Granting Sedore the relief requested in this case would violate the general principle of avoiding federal court interference in the administration of state prisons. The need to open up Level II beds for incoming Level II prisoners is precisely the kind of decision on which federal courts defer to the expertise of prison officials. Thus, Sedore has failed to establish elements three and four sufficient to warrant injunctive relief.
V. Conclusion
Overall, for the reasons set forth above, none of the factors weigh in favor of granting Sedore the extraordinary form of injunctive relief he requests.
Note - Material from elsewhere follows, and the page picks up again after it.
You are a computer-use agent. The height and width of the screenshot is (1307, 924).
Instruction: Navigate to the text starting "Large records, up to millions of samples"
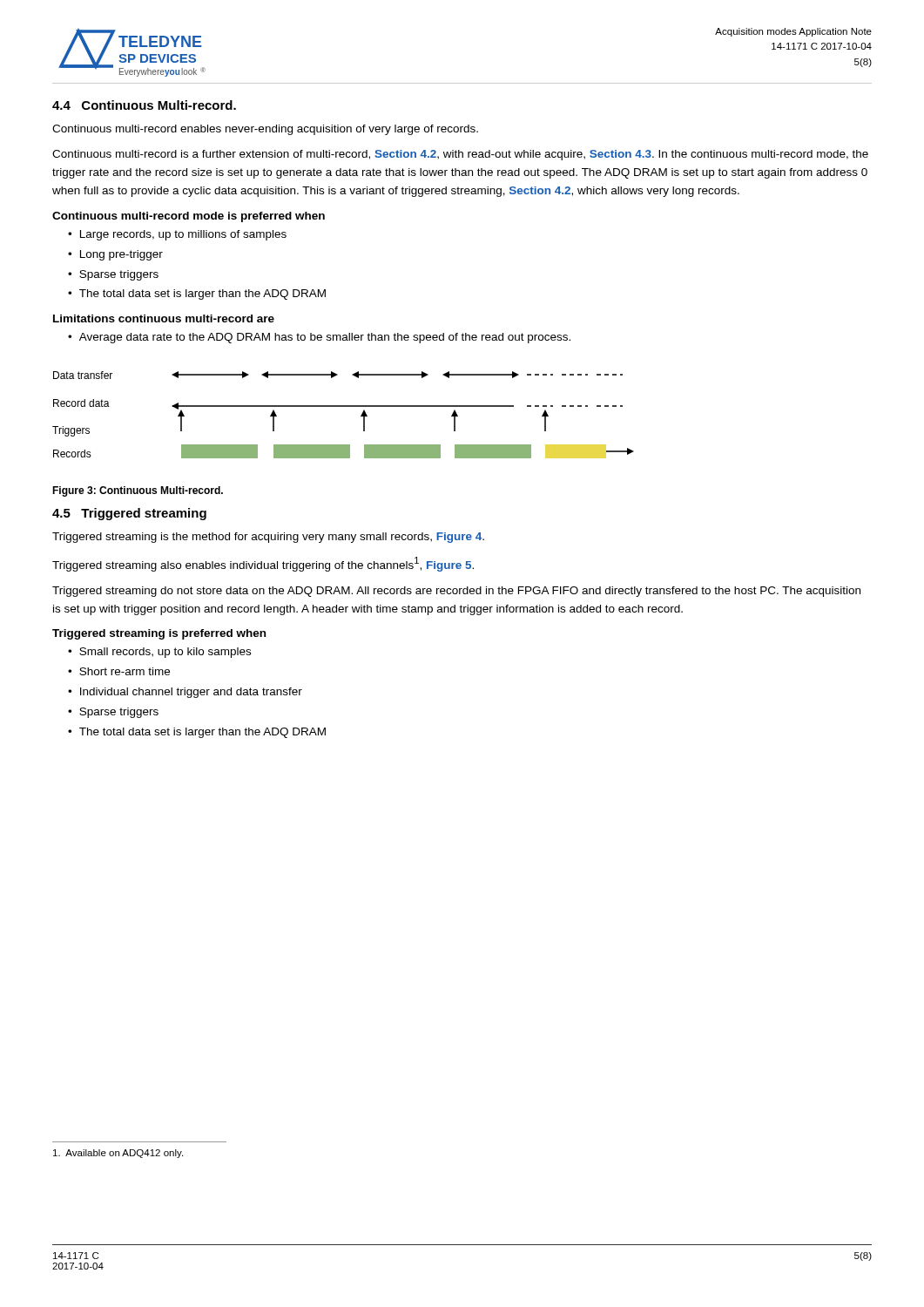click(183, 234)
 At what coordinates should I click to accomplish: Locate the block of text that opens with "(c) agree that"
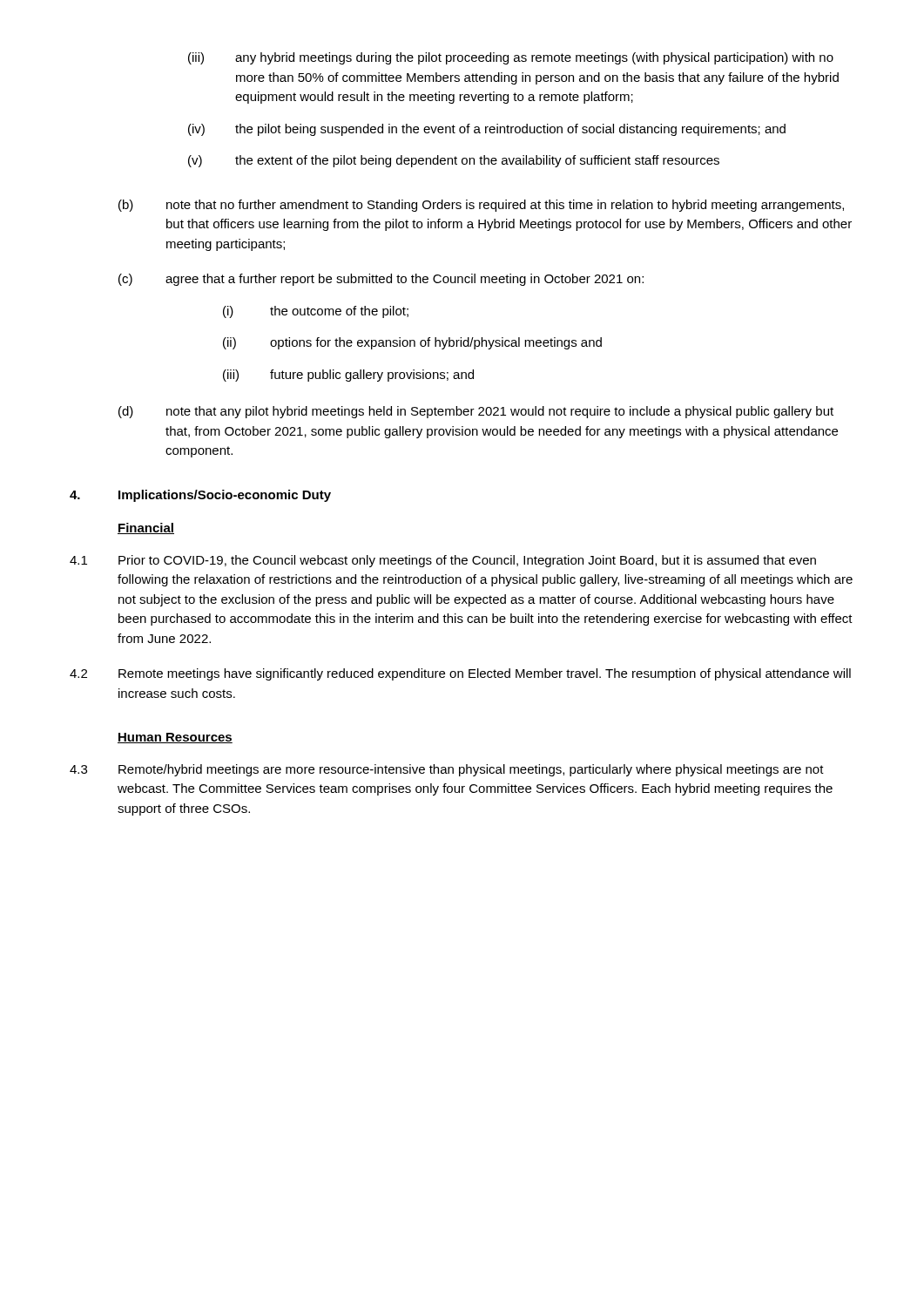(486, 279)

Accordingly, undersigned RECOMMENDS that Sedore's motions for an emergency injunction, (ECF No. 103, 106), be DENIED.
NOTICE TO PARTIES REGARDING OBJECTIONS
The parties to this action may object to and seek review of this Report and Recommendation. Any objections must be filed within 14 days of service, as provided for in Federal Rule of Civil Procedure 72(b)(2) and Local Rule 72.1(d). Failure to file specific objections constitutes a waiver of any further right of appeal. Thomas v. Arn, 474 U.S. 140, 144 (1985); Howard v. Sec'y of Health & Human Servs., 932 F.2d 505, 508 (6th Cir. 1991). Filing objections that raise some issues but fail to raise others with specificity will not preserve all the objections a party might have to this Report and Recommendation. Willis v. Sec'y of Health & Human Servs., 931 F.2d 390, 401 (6th Cir. 1991); Smith v. Detroit Fed'n of Teachers, Local 231, 829 F.2d 1370, 1373 (6th Cir. 1987). Under Local Rule 72.1(d)(2), any objections must be served on this Magistrate Judge.
Any objections must be labeled as “Objection No. 1,” “Objection No. 2,” etc. Any objection must recite precisely the provision of this Report and Recommendation to which it pertains. Not later than 14 days after service of an objection, the opposing party may file a concise response proportionate to the objections in length and complexity. Fed.R.Civ.P. 72(b)(2); E.D. Mich. LR 72.1(d). The response must specifically address each issue raised in the objections, in the same order, and labeled as “Response to Objection No. 1,” “Response to Objection No. 2,” etc. If the Court determines that any objections are without merit, it may rule without awaiting the response.